What you should do:
Transcribe the listing below in its entirety, exactly.

Raw data:
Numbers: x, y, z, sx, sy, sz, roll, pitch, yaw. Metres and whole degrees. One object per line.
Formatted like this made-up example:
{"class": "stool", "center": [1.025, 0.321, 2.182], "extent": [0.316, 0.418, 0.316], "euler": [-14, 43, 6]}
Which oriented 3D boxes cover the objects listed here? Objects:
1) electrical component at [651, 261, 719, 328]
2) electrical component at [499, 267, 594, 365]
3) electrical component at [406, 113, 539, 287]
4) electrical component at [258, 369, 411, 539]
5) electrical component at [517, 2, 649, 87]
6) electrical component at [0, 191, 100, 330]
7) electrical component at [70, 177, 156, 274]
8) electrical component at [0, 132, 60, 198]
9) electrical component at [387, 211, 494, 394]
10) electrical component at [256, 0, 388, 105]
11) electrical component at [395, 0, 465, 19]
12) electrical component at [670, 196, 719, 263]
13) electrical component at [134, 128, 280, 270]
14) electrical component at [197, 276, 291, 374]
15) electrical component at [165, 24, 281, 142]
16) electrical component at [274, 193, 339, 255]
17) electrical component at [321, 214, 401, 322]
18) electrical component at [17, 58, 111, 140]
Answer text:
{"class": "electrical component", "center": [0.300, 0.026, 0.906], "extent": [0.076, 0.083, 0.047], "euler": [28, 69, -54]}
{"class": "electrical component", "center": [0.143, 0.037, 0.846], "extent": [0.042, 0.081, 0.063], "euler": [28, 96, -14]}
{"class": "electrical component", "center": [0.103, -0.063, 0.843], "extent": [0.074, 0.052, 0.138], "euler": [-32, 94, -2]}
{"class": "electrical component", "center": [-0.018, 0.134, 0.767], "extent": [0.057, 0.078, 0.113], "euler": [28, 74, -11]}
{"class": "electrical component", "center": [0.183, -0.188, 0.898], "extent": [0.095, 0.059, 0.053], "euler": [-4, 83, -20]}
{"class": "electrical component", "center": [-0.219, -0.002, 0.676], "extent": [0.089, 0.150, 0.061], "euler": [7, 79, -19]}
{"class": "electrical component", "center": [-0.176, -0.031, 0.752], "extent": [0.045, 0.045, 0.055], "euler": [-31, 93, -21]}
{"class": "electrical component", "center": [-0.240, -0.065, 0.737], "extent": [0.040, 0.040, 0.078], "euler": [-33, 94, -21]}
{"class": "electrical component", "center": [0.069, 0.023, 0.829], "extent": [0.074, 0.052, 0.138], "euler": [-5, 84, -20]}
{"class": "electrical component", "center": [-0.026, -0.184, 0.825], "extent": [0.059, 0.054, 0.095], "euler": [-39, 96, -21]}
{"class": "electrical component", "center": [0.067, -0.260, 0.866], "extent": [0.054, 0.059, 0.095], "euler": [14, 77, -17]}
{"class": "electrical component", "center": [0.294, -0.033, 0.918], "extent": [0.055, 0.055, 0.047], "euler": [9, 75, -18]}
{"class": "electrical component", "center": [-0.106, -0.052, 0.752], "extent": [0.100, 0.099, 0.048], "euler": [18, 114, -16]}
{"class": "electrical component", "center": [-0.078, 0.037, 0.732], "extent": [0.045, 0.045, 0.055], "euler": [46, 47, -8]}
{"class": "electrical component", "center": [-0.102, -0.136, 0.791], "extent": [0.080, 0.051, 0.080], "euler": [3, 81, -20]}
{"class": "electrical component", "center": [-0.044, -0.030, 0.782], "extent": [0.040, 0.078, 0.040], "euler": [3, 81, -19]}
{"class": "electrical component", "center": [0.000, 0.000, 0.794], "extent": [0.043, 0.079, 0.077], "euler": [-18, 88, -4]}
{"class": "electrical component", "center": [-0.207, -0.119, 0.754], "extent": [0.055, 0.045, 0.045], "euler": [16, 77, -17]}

Result of this task:
Numbers: x, y, z, sx, sy, sz, roll, pitch, yaw. Metres and whole degrees. One object per line.
Formatted like this made-up example:
{"class": "stool", "center": [1.025, 0.321, 2.182], "extent": [0.316, 0.418, 0.316], "euler": [-14, 43, 6]}
Which oriented 3D boxes cover the objects listed here? Objects:
1) electrical component at [651, 261, 719, 328]
2) electrical component at [499, 267, 594, 365]
3) electrical component at [406, 113, 539, 287]
4) electrical component at [258, 369, 411, 539]
5) electrical component at [517, 2, 649, 87]
6) electrical component at [0, 191, 100, 330]
7) electrical component at [70, 177, 156, 274]
8) electrical component at [0, 132, 60, 198]
9) electrical component at [387, 211, 494, 394]
10) electrical component at [256, 0, 388, 105]
11) electrical component at [395, 0, 465, 19]
12) electrical component at [670, 196, 719, 263]
13) electrical component at [134, 128, 280, 270]
14) electrical component at [197, 276, 291, 374]
15) electrical component at [165, 24, 281, 142]
16) electrical component at [274, 193, 339, 255]
17) electrical component at [321, 214, 401, 322]
18) electrical component at [17, 58, 111, 140]
Answer text:
{"class": "electrical component", "center": [0.300, 0.026, 0.906], "extent": [0.076, 0.083, 0.047], "euler": [28, 69, -54]}
{"class": "electrical component", "center": [0.143, 0.037, 0.846], "extent": [0.042, 0.081, 0.063], "euler": [28, 96, -14]}
{"class": "electrical component", "center": [0.103, -0.063, 0.843], "extent": [0.074, 0.052, 0.138], "euler": [-32, 94, -2]}
{"class": "electrical component", "center": [-0.018, 0.134, 0.767], "extent": [0.057, 0.078, 0.113], "euler": [28, 74, -11]}
{"class": "electrical component", "center": [0.183, -0.188, 0.898], "extent": [0.095, 0.059, 0.053], "euler": [-4, 83, -20]}
{"class": "electrical component", "center": [-0.219, -0.002, 0.676], "extent": [0.089, 0.150, 0.061], "euler": [7, 79, -19]}
{"class": "electrical component", "center": [-0.176, -0.031, 0.752], "extent": [0.045, 0.045, 0.055], "euler": [-31, 93, -21]}
{"class": "electrical component", "center": [-0.240, -0.065, 0.737], "extent": [0.040, 0.040, 0.078], "euler": [-33, 94, -21]}
{"class": "electrical component", "center": [0.069, 0.023, 0.829], "extent": [0.074, 0.052, 0.138], "euler": [-5, 84, -20]}
{"class": "electrical component", "center": [-0.026, -0.184, 0.825], "extent": [0.059, 0.054, 0.095], "euler": [-39, 96, -21]}
{"class": "electrical component", "center": [0.067, -0.260, 0.866], "extent": [0.054, 0.059, 0.095], "euler": [14, 77, -17]}
{"class": "electrical component", "center": [0.294, -0.033, 0.918], "extent": [0.055, 0.055, 0.047], "euler": [9, 75, -18]}
{"class": "electrical component", "center": [-0.106, -0.052, 0.752], "extent": [0.100, 0.099, 0.048], "euler": [18, 114, -16]}
{"class": "electrical component", "center": [-0.078, 0.037, 0.732], "extent": [0.045, 0.045, 0.055], "euler": [46, 47, -8]}
{"class": "electrical component", "center": [-0.102, -0.136, 0.791], "extent": [0.080, 0.051, 0.080], "euler": [3, 81, -20]}
{"class": "electrical component", "center": [-0.044, -0.030, 0.782], "extent": [0.040, 0.078, 0.040], "euler": [3, 81, -19]}
{"class": "electrical component", "center": [0.000, 0.000, 0.794], "extent": [0.043, 0.079, 0.077], "euler": [-18, 88, -4]}
{"class": "electrical component", "center": [-0.207, -0.119, 0.754], "extent": [0.055, 0.045, 0.045], "euler": [16, 77, -17]}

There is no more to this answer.